Aim of the exercise: Please set down exactly the lines of the listing below from the line containing "Field of view (horizontal): 99.7°." through the line containing "Format example (made", both lines included, leaving out all other lines.

*** Block opens ***

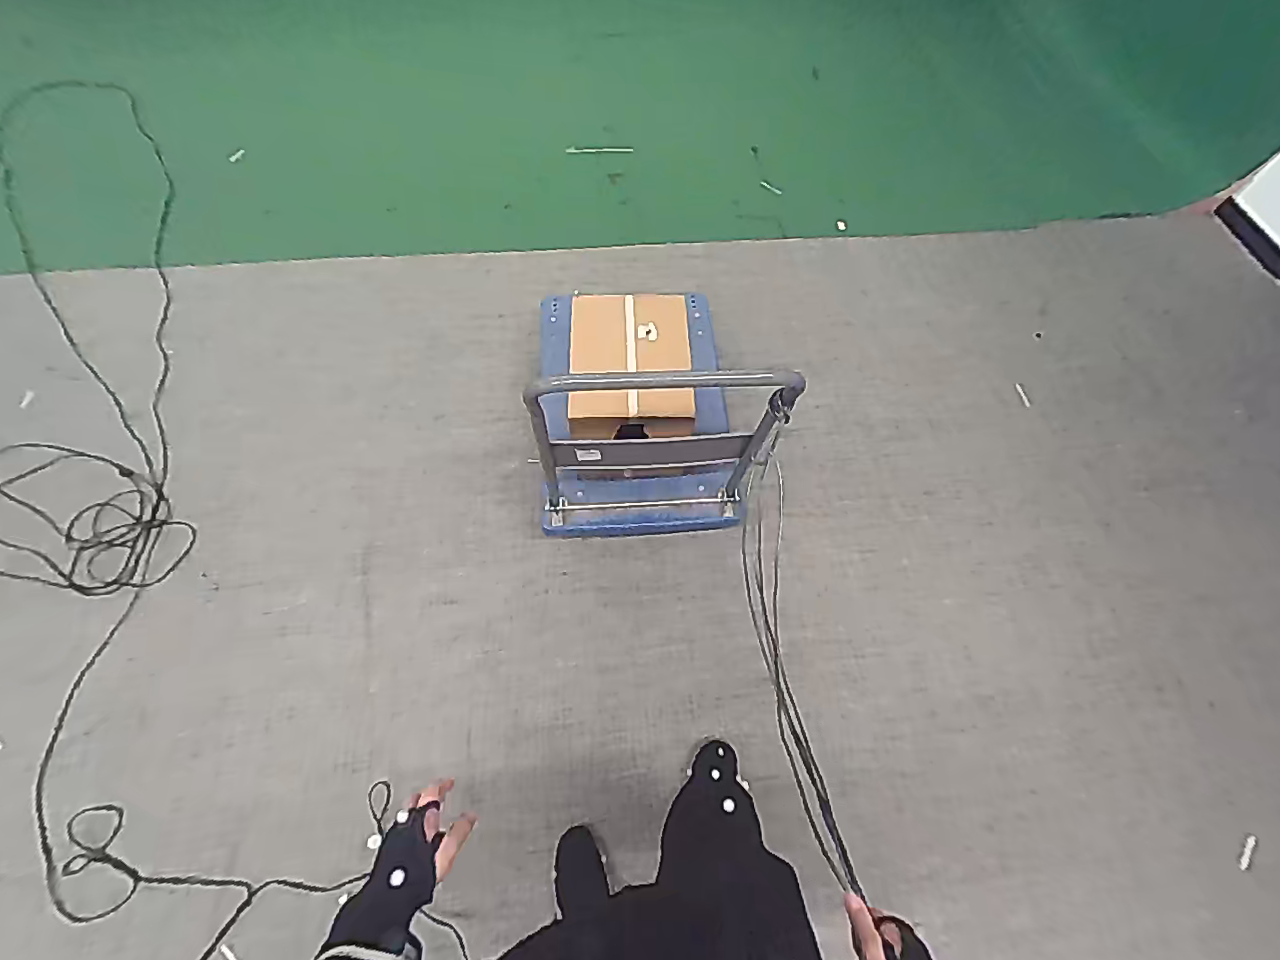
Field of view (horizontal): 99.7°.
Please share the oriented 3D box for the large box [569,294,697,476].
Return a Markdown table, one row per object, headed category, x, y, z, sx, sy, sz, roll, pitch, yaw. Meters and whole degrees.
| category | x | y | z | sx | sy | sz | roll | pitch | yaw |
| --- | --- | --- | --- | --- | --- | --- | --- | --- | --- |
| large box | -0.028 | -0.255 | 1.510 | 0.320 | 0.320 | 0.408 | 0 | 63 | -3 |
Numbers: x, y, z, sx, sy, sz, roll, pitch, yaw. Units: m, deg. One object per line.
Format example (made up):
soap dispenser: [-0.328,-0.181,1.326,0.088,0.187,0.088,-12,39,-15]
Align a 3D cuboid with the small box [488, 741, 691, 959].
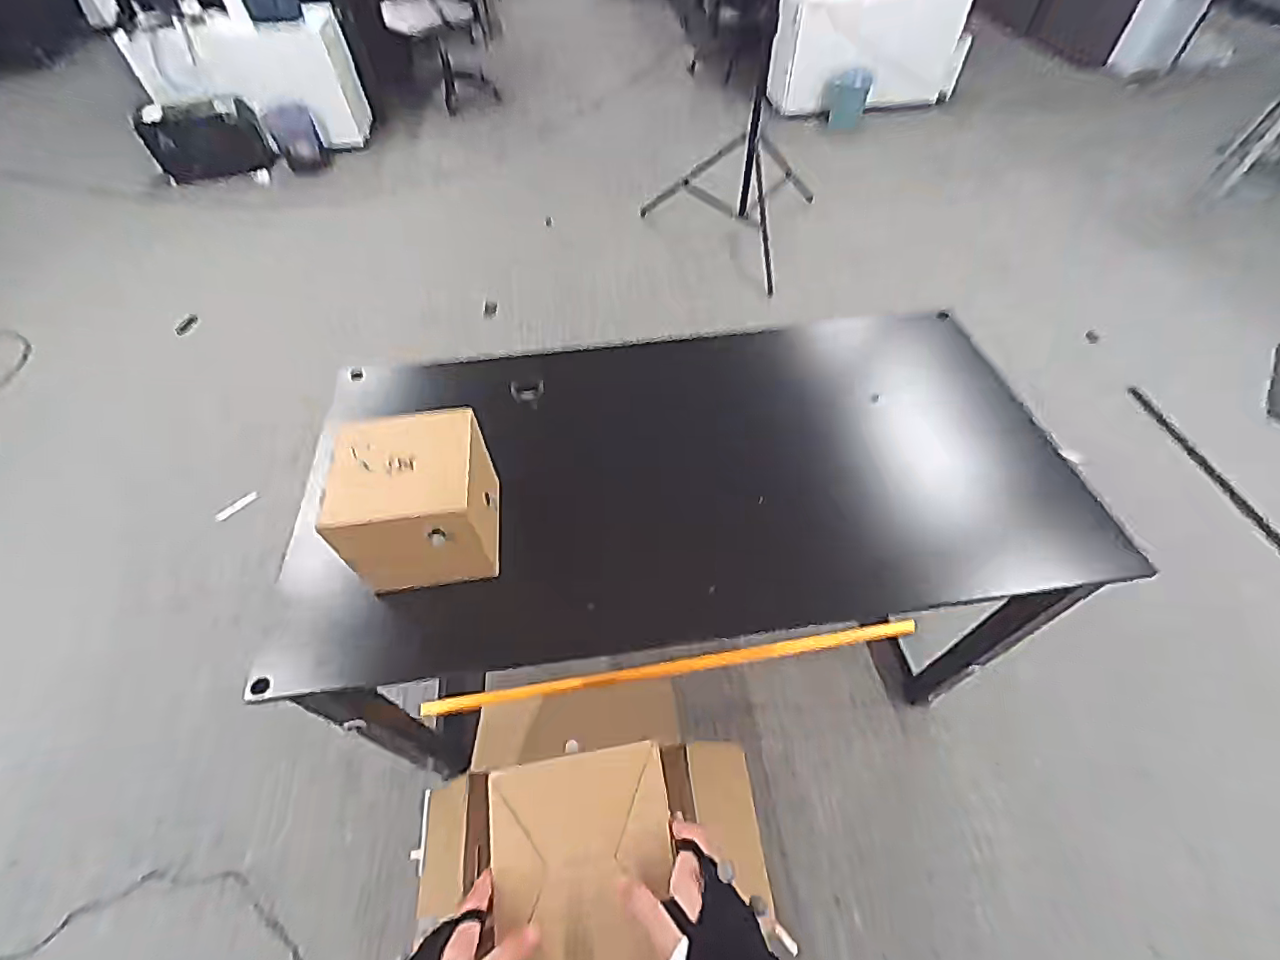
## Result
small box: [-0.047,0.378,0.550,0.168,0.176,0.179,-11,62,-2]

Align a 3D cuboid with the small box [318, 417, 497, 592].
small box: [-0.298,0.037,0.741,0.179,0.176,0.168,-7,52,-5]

*** Block closes ***
*** Block opens ***

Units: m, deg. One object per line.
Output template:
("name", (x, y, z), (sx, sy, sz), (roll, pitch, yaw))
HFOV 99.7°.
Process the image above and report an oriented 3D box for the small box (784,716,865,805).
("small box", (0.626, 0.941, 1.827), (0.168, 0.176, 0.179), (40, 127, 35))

*** Block closes ***
*** Block opens ***

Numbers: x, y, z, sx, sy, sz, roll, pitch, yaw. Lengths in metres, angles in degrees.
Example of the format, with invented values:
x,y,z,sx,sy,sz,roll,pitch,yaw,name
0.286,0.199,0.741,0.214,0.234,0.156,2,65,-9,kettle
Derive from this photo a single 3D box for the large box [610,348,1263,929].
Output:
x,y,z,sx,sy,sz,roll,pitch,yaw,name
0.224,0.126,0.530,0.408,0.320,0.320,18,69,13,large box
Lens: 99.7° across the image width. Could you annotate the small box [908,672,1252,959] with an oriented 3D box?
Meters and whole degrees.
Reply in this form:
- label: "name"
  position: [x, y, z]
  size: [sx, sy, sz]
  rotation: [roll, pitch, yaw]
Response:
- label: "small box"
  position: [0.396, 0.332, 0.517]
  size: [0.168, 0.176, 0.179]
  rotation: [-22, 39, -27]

*** Block closes ***

Exercise output:
Field of view (horizontal): 99.7°.
Please share the oriented 3D box for the large box [569,294,697,476].
Return a Markdown table, one row per object, headed category, x, y, z, sx, sy, sz, roll, pitch, yaw. Meters and whole degrees.
| category | x | y | z | sx | sy | sz | roll | pitch | yaw |
| --- | --- | --- | --- | --- | --- | --- | --- | --- | --- |
| large box | -0.028 | -0.255 | 1.510 | 0.320 | 0.320 | 0.408 | 0 | 63 | -3 |
Numbers: x, y, z, sx, sy, sz, roll, pitch, yaw. Units: m, deg. One object per line.
Format example (made up):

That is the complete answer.